NeuroPointDx is launching a blood plasma-based test that might be able to give a clearer picture of the prevalence of autism in children. The Madison, WI-based company said the NPDX AA Test, identifies metabolic subtypes associated with the autism spectrum disorder (ASD) and can be used to screen children as young as 18 months.
The test detects amine imbalances in the blood plasma of children with very precise thresholds that were identified and validated based on patient samples from the Children’s Autism Metabolome Project (CAMP), a 1,100-subject study, the largest one to date focused on the metabolism of children with ASD. These imbalances, detected in about 30% of children with ASD, are not identified by other currently available metabolic tests.
The company said children who receive a positive result on the test should be prioritized for further clinical evaluation by a neurodevelopmental specialist. The NPDX AA test also provides metabolic information that may be used by clinicians and physicians to inform a more precise treatment strategy for a child diagnosed with ASD.

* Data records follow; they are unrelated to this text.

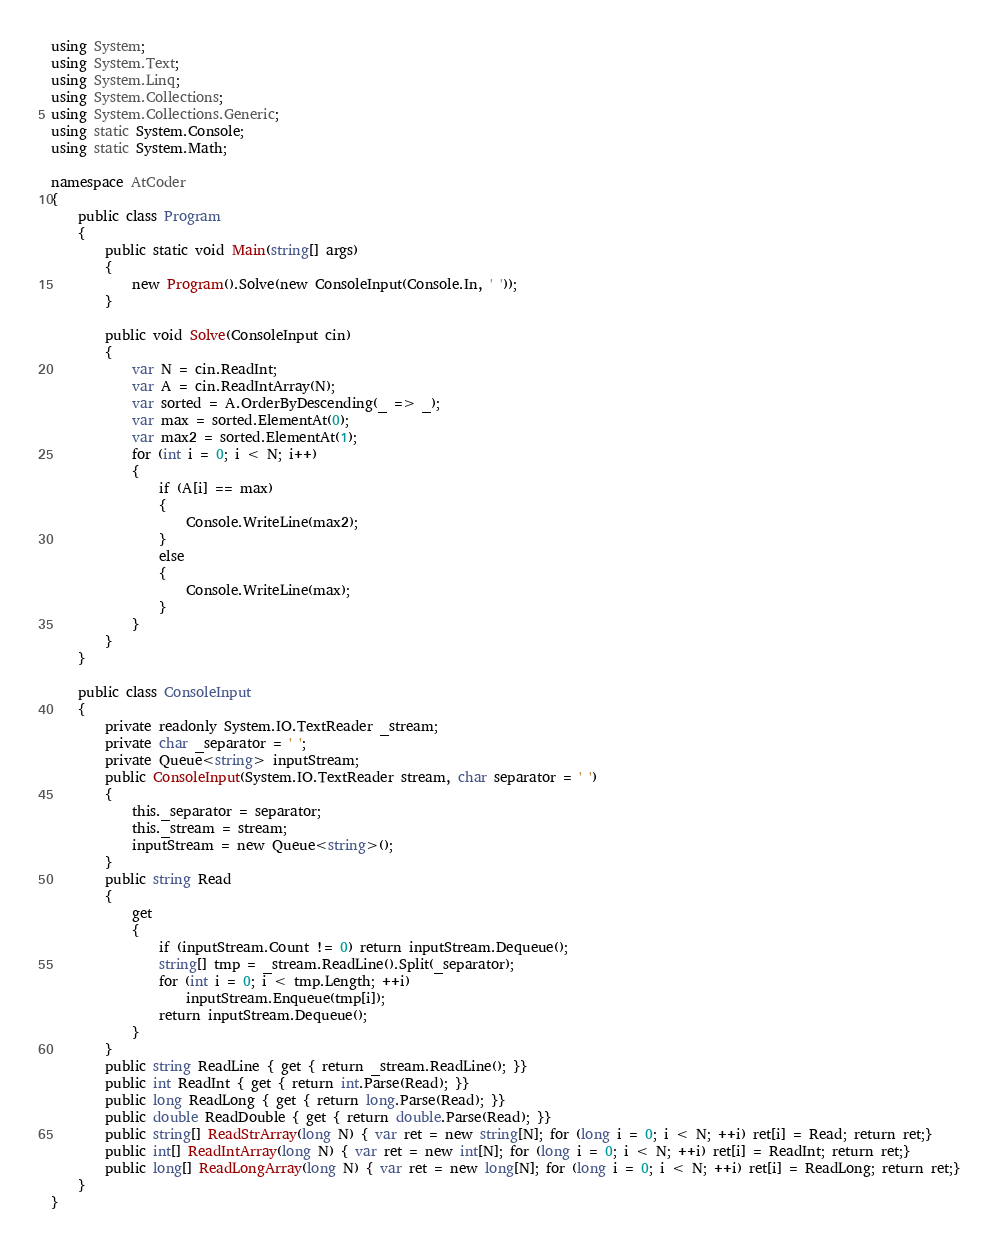Convert code to text. <code><loc_0><loc_0><loc_500><loc_500><_C#_>using System;
using System.Text;
using System.Linq;
using System.Collections;
using System.Collections.Generic;
using static System.Console;
using static System.Math;

namespace AtCoder
{
    public class Program
    {
        public static void Main(string[] args)
        {
            new Program().Solve(new ConsoleInput(Console.In, ' '));
        }

        public void Solve(ConsoleInput cin)
        {
            var N = cin.ReadInt;
            var A = cin.ReadIntArray(N);
            var sorted = A.OrderByDescending(_ => _);
            var max = sorted.ElementAt(0);
            var max2 = sorted.ElementAt(1);
            for (int i = 0; i < N; i++)
            {
                if (A[i] == max)
                {
                    Console.WriteLine(max2);
                }
                else
                {
                    Console.WriteLine(max);
                }
            }
        }
    }

    public class ConsoleInput
    {
        private readonly System.IO.TextReader _stream;
        private char _separator = ' ';
        private Queue<string> inputStream;
        public ConsoleInput(System.IO.TextReader stream, char separator = ' ')
        {
            this._separator = separator;
            this._stream = stream;
            inputStream = new Queue<string>();
        }
        public string Read
        {
            get
            {
                if (inputStream.Count != 0) return inputStream.Dequeue();
                string[] tmp = _stream.ReadLine().Split(_separator);
                for (int i = 0; i < tmp.Length; ++i)
                    inputStream.Enqueue(tmp[i]);
                return inputStream.Dequeue();
            }
        }
        public string ReadLine { get { return _stream.ReadLine(); }}
        public int ReadInt { get { return int.Parse(Read); }}
        public long ReadLong { get { return long.Parse(Read); }}
        public double ReadDouble { get { return double.Parse(Read); }}
        public string[] ReadStrArray(long N) { var ret = new string[N]; for (long i = 0; i < N; ++i) ret[i] = Read; return ret;}
        public int[] ReadIntArray(long N) { var ret = new int[N]; for (long i = 0; i < N; ++i) ret[i] = ReadInt; return ret;}
        public long[] ReadLongArray(long N) { var ret = new long[N]; for (long i = 0; i < N; ++i) ret[i] = ReadLong; return ret;}
    }
}
</code> 
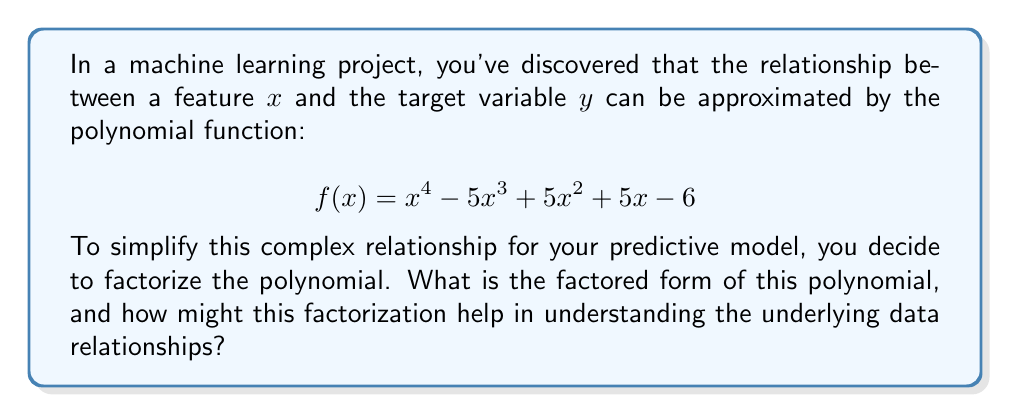Provide a solution to this math problem. To factorize this polynomial, we'll follow these steps:

1) First, let's check if there are any common factors. In this case, there are none.

2) Next, we'll try to find the factors using the rational root theorem. The possible rational roots are the factors of the constant term: ±1, ±2, ±3, ±6.

3) Testing these values, we find that $f(1) = 0$ and $f(2) = 0$. So $(x-1)$ and $(x-2)$ are factors.

4) Dividing $f(x)$ by $(x-1)(x-2)$, we get:

   $$f(x) = (x-1)(x-2)(x^2 - 2x - 3)$$

5) The quadratic factor $x^2 - 2x - 3$ can be further factored:

   $$x^2 - 2x - 3 = (x-3)(x+1)$$

6) Therefore, the fully factored form is:

   $$f(x) = (x-1)(x-2)(x-3)(x+1)$$

This factorization helps in understanding the data relationships in several ways:

1) It reveals the roots of the polynomial: $x = 1$, $x = 2$, $x = 3$, and $x = -1$. These are the points where the function crosses the x-axis, which could represent critical thresholds in your data.

2) The linear factors $(x-1)$, $(x-2)$, $(x-3)$, and $(x+1)$ show how the relationship between $x$ and $y$ can be broken down into simpler, more interpretable components.

3) This factored form makes it easier to analyze the behavior of the function near these critical points, which could be valuable for feature engineering or understanding edge cases in your model.

4) The factorization simplifies the calculation of derivatives, which could be useful for gradient-based optimization techniques in your machine learning algorithms.
Answer: The factored form of the polynomial is:

$$(x-1)(x-2)(x-3)(x+1)$$

This factorization reveals the roots of the polynomial and breaks down the complex relationship into simpler, interpretable components, which can aid in feature engineering, understanding critical thresholds, and optimizing machine learning algorithms.

The branched-chain amino acid metabotypes (metabolic subtypes) identified by the CAMP study and previously published in Biological Psychiatry account for several of the metabotypes included in the NPDX AA test.
“We are continuing to mine data from the CAMP study to identify and validate additional metabolic subtypes in children with ASD,” Bob Burrier, COO and Vice President of Research & Development at NeuroPointDX said in a release. “Our aim is to further build on the utility of this test to identify a greater percentage of children with additional metabolic subtypes. The metabolic biomarkers we have identified will serve as targets for new therapies ranging from pharmaceuticals to dietary supplements, bringing precision medicine to the diagnosis and treatment of this neurodevelopmental disorder.”
The company said it plans to bring a second test panel to market in 2019. The company is also seeking to identify potential treatments for ASD based on differences in the metabolism of these children.